[Extracted entries]

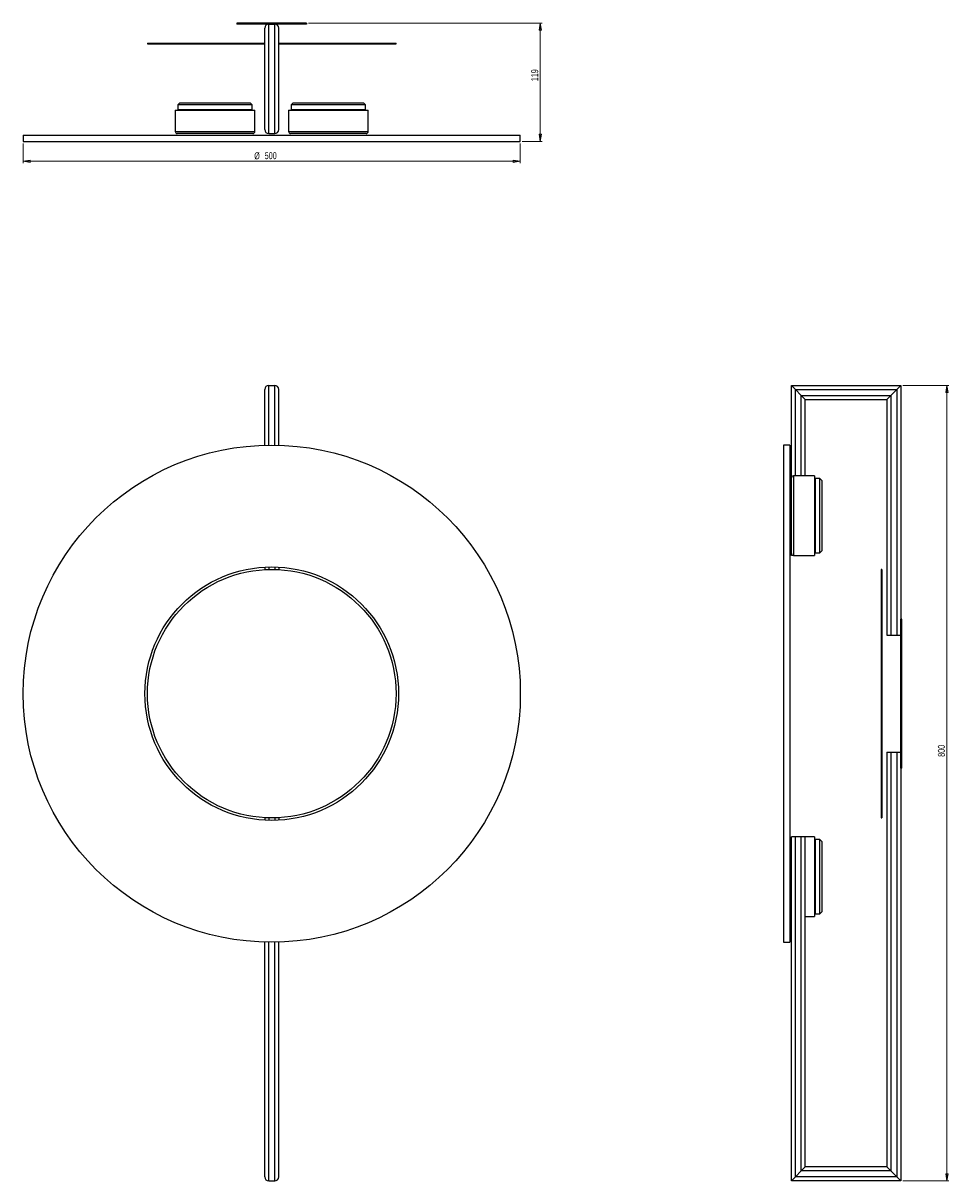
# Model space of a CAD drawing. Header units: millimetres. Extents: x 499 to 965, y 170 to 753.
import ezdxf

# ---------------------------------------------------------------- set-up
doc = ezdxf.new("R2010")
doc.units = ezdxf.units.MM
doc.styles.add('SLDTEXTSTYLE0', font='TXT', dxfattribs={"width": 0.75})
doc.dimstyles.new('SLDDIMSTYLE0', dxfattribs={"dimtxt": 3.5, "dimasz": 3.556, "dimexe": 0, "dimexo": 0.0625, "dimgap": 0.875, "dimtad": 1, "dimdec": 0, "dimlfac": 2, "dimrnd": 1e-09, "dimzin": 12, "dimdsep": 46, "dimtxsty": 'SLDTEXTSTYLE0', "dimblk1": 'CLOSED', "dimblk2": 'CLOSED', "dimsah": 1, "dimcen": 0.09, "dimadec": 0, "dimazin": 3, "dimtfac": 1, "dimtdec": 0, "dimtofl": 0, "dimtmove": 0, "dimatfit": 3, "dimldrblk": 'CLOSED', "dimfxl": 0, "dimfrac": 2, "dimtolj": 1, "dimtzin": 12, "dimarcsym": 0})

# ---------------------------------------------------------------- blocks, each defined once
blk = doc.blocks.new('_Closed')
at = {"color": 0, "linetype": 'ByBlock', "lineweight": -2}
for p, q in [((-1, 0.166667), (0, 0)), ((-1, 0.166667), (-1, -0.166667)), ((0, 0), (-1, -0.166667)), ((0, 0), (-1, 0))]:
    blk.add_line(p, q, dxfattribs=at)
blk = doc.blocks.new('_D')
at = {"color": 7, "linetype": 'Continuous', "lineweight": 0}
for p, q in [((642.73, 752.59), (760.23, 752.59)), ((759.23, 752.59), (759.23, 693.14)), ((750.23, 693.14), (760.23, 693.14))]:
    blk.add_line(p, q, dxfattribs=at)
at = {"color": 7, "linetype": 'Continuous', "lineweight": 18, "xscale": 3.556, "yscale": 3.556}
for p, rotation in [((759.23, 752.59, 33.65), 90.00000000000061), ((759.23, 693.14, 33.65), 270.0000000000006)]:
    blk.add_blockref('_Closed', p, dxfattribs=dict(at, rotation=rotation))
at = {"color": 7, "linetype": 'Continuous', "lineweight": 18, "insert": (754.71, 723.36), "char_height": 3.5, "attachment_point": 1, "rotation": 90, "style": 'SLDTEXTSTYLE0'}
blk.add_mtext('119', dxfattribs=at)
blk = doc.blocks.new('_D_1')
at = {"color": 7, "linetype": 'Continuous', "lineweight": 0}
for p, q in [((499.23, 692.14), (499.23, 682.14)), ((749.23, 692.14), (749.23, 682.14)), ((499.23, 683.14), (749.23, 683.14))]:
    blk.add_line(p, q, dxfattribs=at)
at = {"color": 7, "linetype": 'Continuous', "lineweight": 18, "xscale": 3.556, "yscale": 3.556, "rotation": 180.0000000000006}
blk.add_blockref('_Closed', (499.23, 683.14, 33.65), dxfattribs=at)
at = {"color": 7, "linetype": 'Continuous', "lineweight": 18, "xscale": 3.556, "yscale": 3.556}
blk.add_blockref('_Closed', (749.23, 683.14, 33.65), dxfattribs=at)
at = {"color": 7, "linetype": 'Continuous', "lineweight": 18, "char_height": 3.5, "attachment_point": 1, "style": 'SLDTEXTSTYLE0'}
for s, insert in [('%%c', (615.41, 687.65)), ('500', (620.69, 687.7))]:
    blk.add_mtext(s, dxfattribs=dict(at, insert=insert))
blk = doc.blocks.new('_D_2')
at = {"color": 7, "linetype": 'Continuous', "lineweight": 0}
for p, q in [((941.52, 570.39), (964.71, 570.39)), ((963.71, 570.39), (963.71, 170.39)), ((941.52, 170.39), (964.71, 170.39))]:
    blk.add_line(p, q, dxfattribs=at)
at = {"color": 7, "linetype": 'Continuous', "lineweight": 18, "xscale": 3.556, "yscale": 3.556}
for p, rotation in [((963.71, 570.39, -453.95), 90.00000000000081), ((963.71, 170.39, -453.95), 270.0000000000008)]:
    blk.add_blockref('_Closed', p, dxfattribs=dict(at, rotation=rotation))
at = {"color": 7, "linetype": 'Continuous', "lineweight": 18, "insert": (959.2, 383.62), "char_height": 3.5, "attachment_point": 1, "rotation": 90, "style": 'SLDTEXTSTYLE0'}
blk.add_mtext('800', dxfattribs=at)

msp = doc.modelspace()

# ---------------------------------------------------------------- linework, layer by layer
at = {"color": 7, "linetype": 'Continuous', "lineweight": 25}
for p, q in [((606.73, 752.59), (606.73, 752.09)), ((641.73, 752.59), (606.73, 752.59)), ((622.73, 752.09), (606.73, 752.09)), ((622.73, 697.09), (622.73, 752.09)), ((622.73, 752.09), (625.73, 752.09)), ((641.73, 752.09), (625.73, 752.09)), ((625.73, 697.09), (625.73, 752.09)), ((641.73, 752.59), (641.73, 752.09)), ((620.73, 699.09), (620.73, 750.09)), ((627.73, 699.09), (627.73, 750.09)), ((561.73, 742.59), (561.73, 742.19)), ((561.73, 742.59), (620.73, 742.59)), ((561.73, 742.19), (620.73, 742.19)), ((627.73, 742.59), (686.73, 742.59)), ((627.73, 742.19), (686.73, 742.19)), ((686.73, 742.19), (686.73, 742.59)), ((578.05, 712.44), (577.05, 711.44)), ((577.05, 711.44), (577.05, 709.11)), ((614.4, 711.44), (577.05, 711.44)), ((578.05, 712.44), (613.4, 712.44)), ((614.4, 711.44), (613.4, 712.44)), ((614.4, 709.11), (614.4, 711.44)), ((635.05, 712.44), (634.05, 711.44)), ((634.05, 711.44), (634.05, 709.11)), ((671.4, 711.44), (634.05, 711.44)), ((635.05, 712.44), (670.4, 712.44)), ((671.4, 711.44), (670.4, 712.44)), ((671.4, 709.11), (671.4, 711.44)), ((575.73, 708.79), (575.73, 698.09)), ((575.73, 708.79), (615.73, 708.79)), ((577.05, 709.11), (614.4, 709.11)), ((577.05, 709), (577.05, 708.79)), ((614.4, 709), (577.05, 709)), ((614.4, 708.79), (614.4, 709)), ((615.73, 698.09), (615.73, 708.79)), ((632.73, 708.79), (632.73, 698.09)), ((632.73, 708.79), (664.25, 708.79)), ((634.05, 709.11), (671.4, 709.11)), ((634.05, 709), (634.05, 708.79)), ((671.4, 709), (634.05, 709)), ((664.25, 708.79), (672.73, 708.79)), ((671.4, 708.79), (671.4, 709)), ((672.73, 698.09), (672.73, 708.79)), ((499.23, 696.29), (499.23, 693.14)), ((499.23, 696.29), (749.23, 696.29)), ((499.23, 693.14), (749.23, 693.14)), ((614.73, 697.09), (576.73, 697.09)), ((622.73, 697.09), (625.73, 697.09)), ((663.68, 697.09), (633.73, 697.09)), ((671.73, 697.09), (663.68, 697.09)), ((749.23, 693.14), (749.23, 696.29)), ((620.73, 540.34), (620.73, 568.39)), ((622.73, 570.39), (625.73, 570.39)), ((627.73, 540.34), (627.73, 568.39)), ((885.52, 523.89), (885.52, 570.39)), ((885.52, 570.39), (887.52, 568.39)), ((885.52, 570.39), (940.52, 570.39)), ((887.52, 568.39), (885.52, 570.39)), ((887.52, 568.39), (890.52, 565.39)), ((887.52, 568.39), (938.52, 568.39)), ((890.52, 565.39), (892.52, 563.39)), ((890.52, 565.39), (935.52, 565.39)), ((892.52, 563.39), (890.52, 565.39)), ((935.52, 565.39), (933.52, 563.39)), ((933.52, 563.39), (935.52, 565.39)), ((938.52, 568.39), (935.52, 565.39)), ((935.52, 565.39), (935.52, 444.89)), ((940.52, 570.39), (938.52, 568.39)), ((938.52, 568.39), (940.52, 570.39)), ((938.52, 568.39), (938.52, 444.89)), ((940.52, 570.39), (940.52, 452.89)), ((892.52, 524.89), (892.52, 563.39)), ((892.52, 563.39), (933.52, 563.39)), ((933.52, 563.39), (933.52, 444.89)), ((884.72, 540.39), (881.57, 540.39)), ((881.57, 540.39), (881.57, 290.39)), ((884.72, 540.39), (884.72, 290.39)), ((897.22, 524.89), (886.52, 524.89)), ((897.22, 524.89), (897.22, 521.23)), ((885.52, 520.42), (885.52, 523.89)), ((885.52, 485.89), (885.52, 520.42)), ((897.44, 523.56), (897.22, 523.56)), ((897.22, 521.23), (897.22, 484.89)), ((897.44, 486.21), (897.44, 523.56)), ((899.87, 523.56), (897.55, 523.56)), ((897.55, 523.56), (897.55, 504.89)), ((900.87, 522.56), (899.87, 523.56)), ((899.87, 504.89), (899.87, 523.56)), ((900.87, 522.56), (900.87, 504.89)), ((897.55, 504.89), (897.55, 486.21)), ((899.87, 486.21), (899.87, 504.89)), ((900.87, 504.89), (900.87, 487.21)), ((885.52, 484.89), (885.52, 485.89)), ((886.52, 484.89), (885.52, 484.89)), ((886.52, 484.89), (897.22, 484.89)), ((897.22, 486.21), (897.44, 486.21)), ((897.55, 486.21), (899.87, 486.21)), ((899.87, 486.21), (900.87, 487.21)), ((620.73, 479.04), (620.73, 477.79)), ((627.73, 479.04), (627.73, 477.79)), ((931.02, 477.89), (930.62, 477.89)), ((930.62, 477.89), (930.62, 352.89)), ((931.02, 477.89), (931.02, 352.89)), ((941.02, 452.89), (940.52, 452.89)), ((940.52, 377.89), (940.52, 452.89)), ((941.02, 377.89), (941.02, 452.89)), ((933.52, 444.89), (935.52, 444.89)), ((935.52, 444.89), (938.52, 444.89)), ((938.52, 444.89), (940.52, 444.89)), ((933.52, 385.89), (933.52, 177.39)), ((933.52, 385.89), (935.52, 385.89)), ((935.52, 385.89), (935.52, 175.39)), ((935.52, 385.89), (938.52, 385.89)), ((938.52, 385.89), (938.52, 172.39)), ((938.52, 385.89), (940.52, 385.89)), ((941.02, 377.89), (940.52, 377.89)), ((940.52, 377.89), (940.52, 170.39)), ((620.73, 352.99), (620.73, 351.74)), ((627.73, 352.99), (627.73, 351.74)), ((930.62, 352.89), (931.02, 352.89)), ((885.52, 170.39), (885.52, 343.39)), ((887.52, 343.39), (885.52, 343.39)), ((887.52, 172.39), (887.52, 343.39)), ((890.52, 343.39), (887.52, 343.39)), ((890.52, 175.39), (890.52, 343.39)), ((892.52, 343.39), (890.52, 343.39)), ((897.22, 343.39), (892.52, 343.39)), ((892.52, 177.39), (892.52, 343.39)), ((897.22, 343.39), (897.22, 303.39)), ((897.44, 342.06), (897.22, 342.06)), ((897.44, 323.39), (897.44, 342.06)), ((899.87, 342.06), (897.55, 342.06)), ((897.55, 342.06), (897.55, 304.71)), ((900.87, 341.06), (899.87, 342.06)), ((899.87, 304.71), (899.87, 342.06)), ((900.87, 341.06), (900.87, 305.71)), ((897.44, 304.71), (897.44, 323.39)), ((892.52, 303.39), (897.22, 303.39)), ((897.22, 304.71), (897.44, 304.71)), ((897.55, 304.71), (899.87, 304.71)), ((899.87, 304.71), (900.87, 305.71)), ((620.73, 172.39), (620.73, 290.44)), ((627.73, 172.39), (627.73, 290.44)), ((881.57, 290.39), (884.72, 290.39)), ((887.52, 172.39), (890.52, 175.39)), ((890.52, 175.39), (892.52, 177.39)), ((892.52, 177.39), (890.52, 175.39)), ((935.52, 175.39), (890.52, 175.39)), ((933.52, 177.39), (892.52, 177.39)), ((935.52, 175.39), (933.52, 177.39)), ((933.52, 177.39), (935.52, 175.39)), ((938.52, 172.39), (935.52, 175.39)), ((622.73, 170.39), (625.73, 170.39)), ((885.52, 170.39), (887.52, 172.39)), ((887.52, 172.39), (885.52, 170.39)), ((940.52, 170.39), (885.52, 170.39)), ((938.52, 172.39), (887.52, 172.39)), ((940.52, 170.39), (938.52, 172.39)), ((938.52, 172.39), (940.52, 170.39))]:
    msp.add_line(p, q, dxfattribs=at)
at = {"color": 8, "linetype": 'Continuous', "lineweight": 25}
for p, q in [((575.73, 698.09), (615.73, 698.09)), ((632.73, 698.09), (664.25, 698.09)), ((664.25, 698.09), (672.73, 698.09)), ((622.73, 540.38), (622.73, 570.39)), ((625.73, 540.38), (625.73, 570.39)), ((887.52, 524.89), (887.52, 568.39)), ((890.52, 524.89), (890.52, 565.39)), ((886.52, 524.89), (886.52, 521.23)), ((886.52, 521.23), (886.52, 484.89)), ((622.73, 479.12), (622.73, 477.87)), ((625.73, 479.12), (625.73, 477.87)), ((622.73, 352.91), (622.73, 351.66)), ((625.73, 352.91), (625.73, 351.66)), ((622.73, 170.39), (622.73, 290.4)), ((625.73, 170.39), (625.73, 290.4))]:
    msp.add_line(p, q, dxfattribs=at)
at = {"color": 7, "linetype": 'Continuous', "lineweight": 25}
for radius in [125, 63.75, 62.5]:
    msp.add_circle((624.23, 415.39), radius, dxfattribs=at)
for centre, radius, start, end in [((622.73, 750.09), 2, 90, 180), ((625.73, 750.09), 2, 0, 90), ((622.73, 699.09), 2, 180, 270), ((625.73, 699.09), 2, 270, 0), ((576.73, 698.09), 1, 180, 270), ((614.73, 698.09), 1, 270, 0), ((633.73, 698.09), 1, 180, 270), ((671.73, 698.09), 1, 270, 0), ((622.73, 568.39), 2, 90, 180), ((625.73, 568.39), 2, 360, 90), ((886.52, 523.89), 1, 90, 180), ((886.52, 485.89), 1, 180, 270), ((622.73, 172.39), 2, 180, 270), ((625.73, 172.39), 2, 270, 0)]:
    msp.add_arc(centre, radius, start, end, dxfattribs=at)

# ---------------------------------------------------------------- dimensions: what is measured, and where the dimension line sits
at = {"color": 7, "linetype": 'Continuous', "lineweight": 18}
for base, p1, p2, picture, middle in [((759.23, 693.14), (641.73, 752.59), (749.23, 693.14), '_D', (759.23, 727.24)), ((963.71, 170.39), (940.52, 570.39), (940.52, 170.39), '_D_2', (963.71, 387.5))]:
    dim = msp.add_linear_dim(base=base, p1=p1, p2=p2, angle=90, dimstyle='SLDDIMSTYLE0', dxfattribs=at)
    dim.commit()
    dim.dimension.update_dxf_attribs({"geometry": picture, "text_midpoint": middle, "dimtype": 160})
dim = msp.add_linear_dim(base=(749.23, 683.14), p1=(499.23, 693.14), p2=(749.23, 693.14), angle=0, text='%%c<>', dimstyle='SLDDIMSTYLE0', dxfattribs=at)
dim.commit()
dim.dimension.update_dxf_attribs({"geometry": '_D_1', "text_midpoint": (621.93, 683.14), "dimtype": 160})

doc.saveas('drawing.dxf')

[/Extracted entries]

Your objective:
The first line of the listing through the line with "doc.units = ezdxf.units.MM": repeat exactly that span and nothing more, skipping pictures.

Finished exercise:
# Model space of a CAD drawing. Header units: millimetres. Extents: x 499 to 965, y 170 to 753.
import ezdxf

# ---------------------------------------------------------------- set-up
doc = ezdxf.new("R2010")
doc.units = ezdxf.units.MM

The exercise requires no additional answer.